The segment described how cities are struggling to finance and maintain curbside recycling programs, especially now that China has stopped buying these materials. It also hints at how and why the end of such programs is problematic. Amid concerns about climate change, there is a real need to recycle, now more than ever.

If you watch the whole two-and-a-half minute segment, you’ll hear from local teacher Rick Wilson, who has a “one-man volunteer” recycling program at his school. For the brief moment that he speaks, Wilson admits that he is only making a small difference, but he’s doing something. I was glad that the reporter included Wilson, because his approach, to me, is the among the best options: pitching in and taking action personally, rather than making excuses while we wait on government services. For city governments to collect recyclable materials, it is necessary to pay for employees’ salaries and benefits and for trucks’ gasoline and insurance. However, if ordinary citizens do the collection work ourselves, then the processing of it becomes more affordable for the city.

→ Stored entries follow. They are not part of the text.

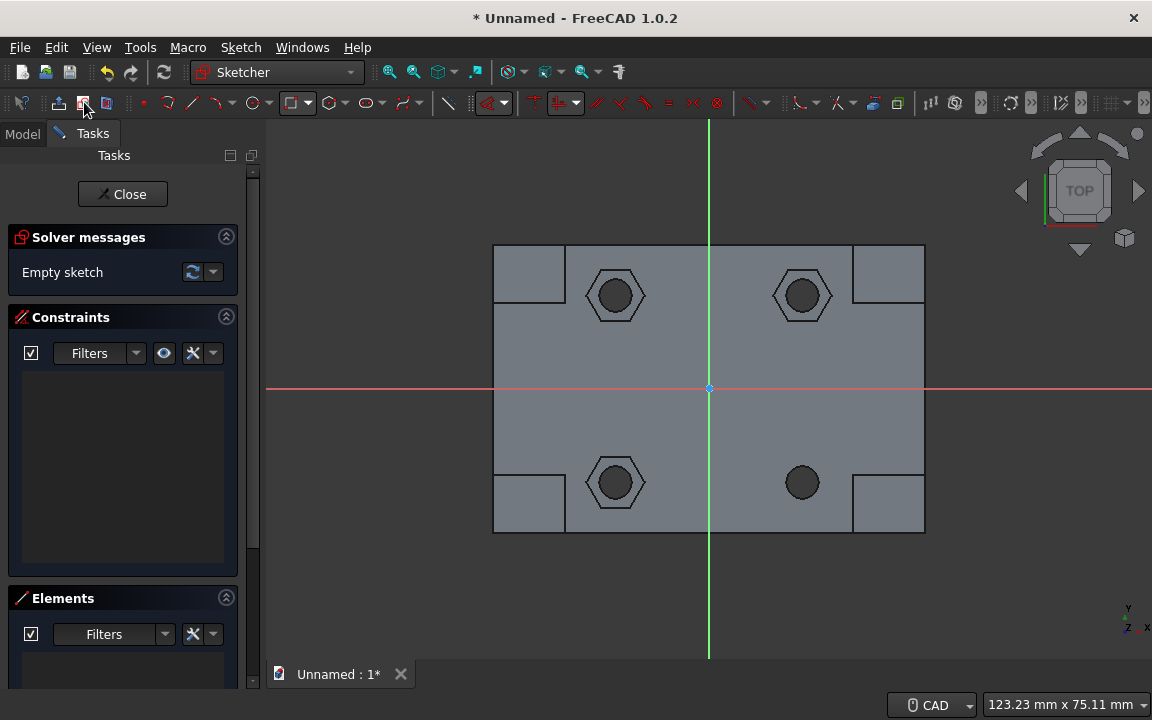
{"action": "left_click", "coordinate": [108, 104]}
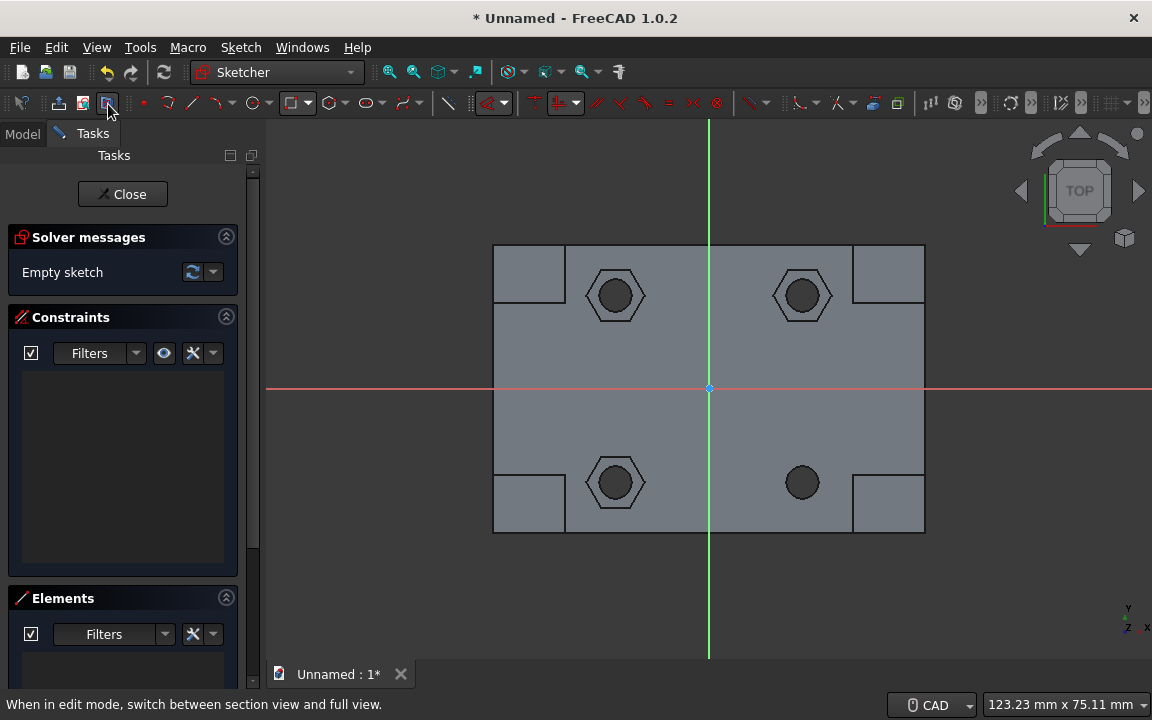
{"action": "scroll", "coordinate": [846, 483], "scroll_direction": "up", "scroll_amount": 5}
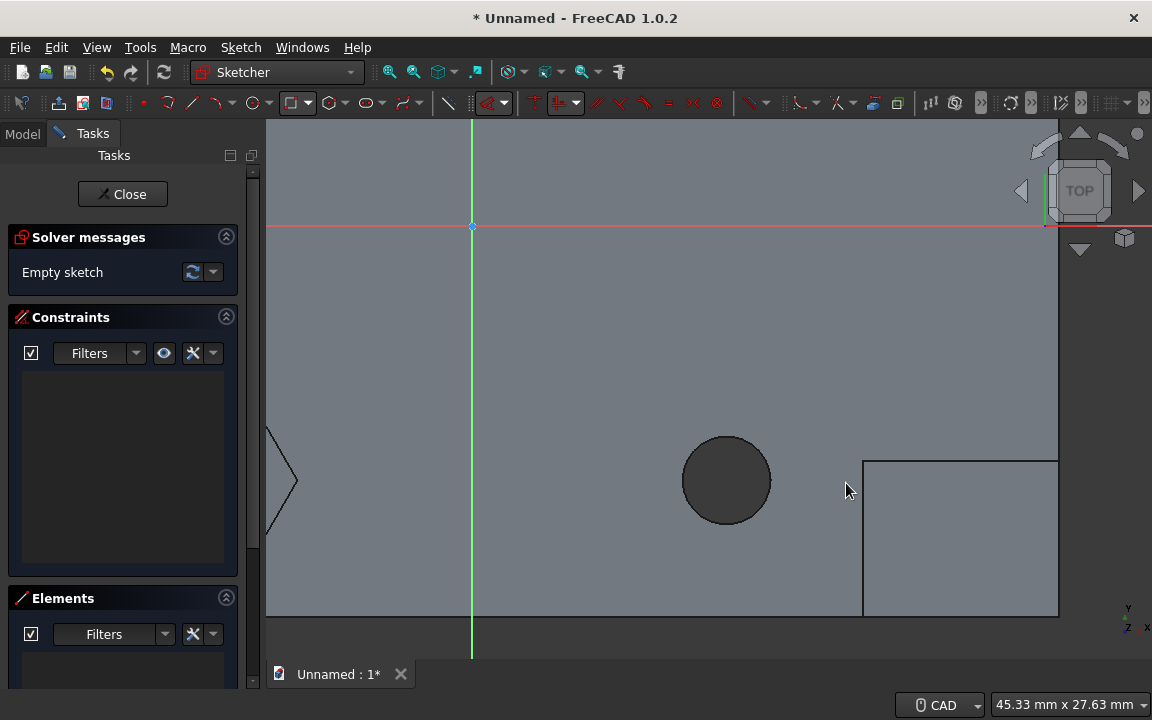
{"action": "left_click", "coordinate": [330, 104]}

In addition to my school garden, I’ve got a recycling program like Rick Wilson’s at our school, which I started after coming home from the National Sustainability Teacher Academy last summer. Three or four student volunteers collect the materials every Friday afternoon from receptacles in a dozen classrooms around campus. I then load the bags of mostly plastic drink bottles into my truck and drive them to the green dumpsters adjacent to our recycling facility. It takes the students fifteen minutes to collect it all, it takes me about thirty minutes to haul it, and the costs are miniscule.

I agree that municipal support for sustainability is a good idea, but we’ve got to recognize when personal and community effort offer a better solution than a government program. The first and best thing we can do is to buy and consume fewer single-serving bottled drinks, given how affordable and durable most refillable water bottles are now. Another thing we can do is to make the effort to sort our own recycling and organize a few neighbors and friends to share the duty of carrying them to be processed. Honestly, if more people did just those two things and nothing else, we would see a big difference.